The Wakedead Gathering - _The Gate and the Key_
(I, Voidhanger Records, 2013)
by: Chaim Drishner (8 out of 10)
Could I, Voidhanger Records be the best underground metal label currently in existence? Look at this (sub-)label's discography; except for maybe a couple of glitches, nothing but the highest quality in extreme music offered time and again by this obscure, exquisite Italian establishment. It spread its dark canopy, under which it had been gathering the finest musical entities out there, each in its own field of expertise, and has enabled them to speak in a variety of sordid tongues, spawning the creme de la creme in funeral doom, black metal, old-school death metal, neoclassical and experimental music; musical expressions that more often than not exhibit a twisted 'something'; there's always an added value to any release adorned by the I, Voidhanger logo. Always.

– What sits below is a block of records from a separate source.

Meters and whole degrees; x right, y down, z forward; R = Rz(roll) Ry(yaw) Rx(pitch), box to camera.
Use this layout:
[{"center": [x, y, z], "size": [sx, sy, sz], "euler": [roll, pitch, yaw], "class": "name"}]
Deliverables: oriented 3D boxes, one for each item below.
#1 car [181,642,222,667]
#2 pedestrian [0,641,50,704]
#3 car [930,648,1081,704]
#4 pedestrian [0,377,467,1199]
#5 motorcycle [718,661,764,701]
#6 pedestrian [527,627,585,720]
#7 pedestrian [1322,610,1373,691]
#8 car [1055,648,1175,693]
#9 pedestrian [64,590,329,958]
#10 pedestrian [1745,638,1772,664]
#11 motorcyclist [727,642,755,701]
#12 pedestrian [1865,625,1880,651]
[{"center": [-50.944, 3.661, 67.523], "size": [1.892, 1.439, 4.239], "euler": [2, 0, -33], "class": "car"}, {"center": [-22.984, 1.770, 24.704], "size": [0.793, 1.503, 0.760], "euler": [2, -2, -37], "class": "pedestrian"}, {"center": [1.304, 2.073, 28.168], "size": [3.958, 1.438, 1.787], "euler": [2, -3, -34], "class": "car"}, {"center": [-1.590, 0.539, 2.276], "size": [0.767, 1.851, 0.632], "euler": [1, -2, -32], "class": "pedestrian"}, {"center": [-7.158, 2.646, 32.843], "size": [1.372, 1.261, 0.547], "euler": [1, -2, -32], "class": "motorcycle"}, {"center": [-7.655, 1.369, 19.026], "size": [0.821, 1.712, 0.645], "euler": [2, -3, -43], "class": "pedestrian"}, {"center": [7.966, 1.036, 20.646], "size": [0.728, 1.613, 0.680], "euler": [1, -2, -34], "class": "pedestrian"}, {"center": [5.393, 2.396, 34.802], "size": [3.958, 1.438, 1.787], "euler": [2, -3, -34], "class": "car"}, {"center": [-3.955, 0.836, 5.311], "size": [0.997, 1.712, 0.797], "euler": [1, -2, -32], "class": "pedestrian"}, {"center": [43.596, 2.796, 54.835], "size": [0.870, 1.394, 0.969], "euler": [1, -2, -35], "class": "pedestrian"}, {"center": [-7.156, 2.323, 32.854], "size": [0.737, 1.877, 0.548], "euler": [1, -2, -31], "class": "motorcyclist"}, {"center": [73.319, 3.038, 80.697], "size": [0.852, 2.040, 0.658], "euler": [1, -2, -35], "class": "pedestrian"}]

_The Gate and the Key_ is proof to the above stated assertions. You see, I, Voidhanger has been releasing a few of those -- knee-jerk dubbed as -- 'old-school' death metal albums over the last few years. Serpent Obscene, Aevangelist, Nar Mattaru, Howls of Ebb, and The Wakedead Gathering's previous effort, the _Dark Circles_ EP, have all revealed and introduced some advanced, sharpened qualities foreign to the usual death metal routine; facets we probably didn't realize death metal even owned. It was as if a beast was awakened from a long slumber more self-conscious to its follies and disadvantages, and has decided to re-invent itself as an all the more so uglier, grotesque, extreme and ironically also more sophisticated a monster, incorporating a sort of stargazing transcendental quality to its earth-bound, subterranean existence, but still sounding as raw and as brutish as possible.

Just think for a moment about this American one-man band's name: The Wakedead Gathering. Instead of using the word "undead", which is a very common and uninspired term in metal music's book of nomenclature, the chosen word was "wakedead"; a mere synonym, but one that's rarely been used in the metal context and sounds like something more mysterious and ominous than the usual cliché. This inconsequential example showcases the slightly different musical thinking attributed to bands signed to I, Voidhanger; they always, always possess that little extra something that makes a noticeable difference, distancing themselves from the herd, the albums under the sleeves of which cause an impact to a greater extent than what their peers are capable of. With this innate singularity comes also the importance these albums possess in terms of musical endeavors scrutinized through the prism of metal music's history.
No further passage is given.